- What is the meaning of Legba’s red baritone saxophone in the Five Spot Café at midnight?
- On the cliff face of this wet indigo, he is the man who tied water.
- A trumpet sounds: the prince is in a hurry to dance in the street.
- Sometimes it sounds like the boom of the earth stretching and yawning. Sometimes it’s as erudite as a tabla. Most times it’s as though he’s about to regurgitate a star.
- What kind of food is a song?
- He’ll see you in that space between finger pluck and the decay of sound.

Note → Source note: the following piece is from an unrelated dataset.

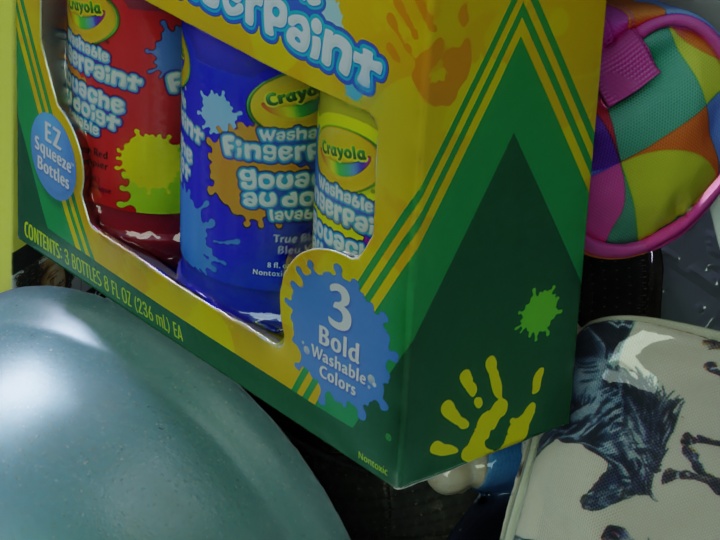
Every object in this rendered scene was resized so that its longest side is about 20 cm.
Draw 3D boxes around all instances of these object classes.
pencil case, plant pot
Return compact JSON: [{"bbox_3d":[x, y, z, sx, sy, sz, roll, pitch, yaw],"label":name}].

- With spoilt embouchure I carry the sputtering smoulder of a blue note in my tympanum.
- The priest tells you these palm oil plantations have been a 1000 years in the making.
- He spits stories of the Mami Wata, Siren of Keta Lagoon, coils of serpents around her neck.
- I’ll tell you of the shade of Iroko and girth of Baobab, of a bracelet made of an elephant’s tusk, of cotton in my ears and blood gurgling in my throat.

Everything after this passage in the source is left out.